I have been tasked with writing a shell script to grep through hundreds of log files in many directories on Linux and Solaris servers. Some of the logs are compressed in many formats and some are a few GB in size. I am worried about grep using a lot of resources on the server and possibly taking down web servers that are running on the machine through exhausting the memory (If this will likely happen).
Should I uncompress the files, grep them and then compress them again or use zgrep (or equivalent) to search them while compressed? Would there be an advantage resource wise to using one method over the other?
Also, is there a simple way to restrict the memory usage of a command to a percentage of what is currently available?

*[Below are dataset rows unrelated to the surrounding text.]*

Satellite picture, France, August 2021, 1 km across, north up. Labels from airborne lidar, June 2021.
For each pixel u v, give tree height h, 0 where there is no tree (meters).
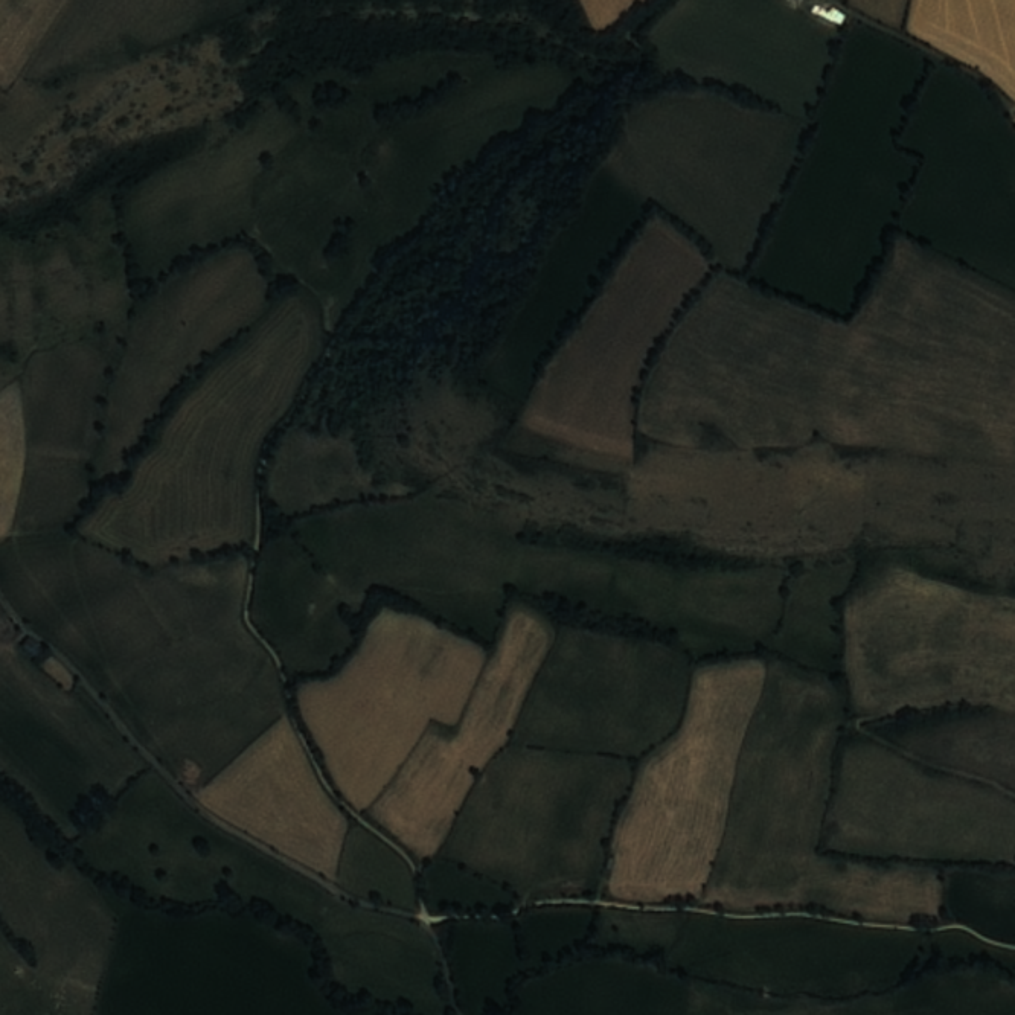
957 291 0
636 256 0
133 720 0
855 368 0
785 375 0
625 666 0
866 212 0
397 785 0
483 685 0
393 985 0
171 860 0
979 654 0
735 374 0
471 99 0
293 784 0
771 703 0
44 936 0
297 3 12
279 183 0
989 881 0
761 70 0
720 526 0
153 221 0
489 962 0
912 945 0
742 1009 0
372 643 0
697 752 0
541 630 0
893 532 0
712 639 0
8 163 0
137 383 0
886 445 0
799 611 0
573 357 0
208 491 0
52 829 32
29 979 0
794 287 0
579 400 0
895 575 0
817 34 0
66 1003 0
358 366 8
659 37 0
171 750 0
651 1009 0
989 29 0
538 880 0
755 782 0
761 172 0
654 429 0
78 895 0
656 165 0
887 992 0
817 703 0
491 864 0
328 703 0
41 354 0
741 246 0
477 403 0
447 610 0
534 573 0
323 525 0
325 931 0
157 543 0
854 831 0
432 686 0
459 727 0
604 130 21
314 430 7
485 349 14
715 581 0
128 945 0
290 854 0
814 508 0
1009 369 0
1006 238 0
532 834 0
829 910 8
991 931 0
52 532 0
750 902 0
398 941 0
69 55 0
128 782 7
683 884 0
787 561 8
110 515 0
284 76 12
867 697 0
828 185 0
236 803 0
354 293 0
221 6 0
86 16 0
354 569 0
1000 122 0
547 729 0
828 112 0
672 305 0
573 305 0
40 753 0
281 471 0
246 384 0
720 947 0
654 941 0
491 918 14
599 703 0
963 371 0
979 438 0
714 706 0
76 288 0
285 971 0
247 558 11
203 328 0
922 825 0
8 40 0
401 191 0
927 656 0
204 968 0
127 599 0
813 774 0
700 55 0
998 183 0
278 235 0
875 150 0
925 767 0
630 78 17
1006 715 0
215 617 0
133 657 0
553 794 0
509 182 12
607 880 0
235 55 7
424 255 10
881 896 0
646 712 0
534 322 0
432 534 0
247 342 0
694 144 0
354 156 0
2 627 0
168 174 0
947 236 0
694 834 0
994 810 0
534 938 0
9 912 0
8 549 0
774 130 0
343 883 0
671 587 0
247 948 0
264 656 0
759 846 0
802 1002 0
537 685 0
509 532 0
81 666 0
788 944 0
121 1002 0
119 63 0
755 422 0
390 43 14
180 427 0
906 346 0
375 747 0
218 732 0
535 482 0
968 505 0
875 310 0
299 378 0
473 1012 0
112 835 0
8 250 0
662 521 0
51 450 0
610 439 0

If someone could explain how memory usage works while running these commands, it would help out a lot.
grep
memory usage is constant; it doesn't scale with file size†. It doesn't need to keep the whole file in memory, only the area it's searching through.
Decompression is similar. Memory usage is proportional to the dictionary size, not to the total file size. Dictionary size is nothing to worry about: a few megabytes at most.
I would not worry about some simple grep
/ zgrep
/ zcat | grep
searches taking down other processes. This stuff is Linux's bread and butter.
† Beware of scanning through files with incredibly long lines, though. Its memory usage does scale with line length. You can use grep -I
to skip binary files, which is usually sufficient.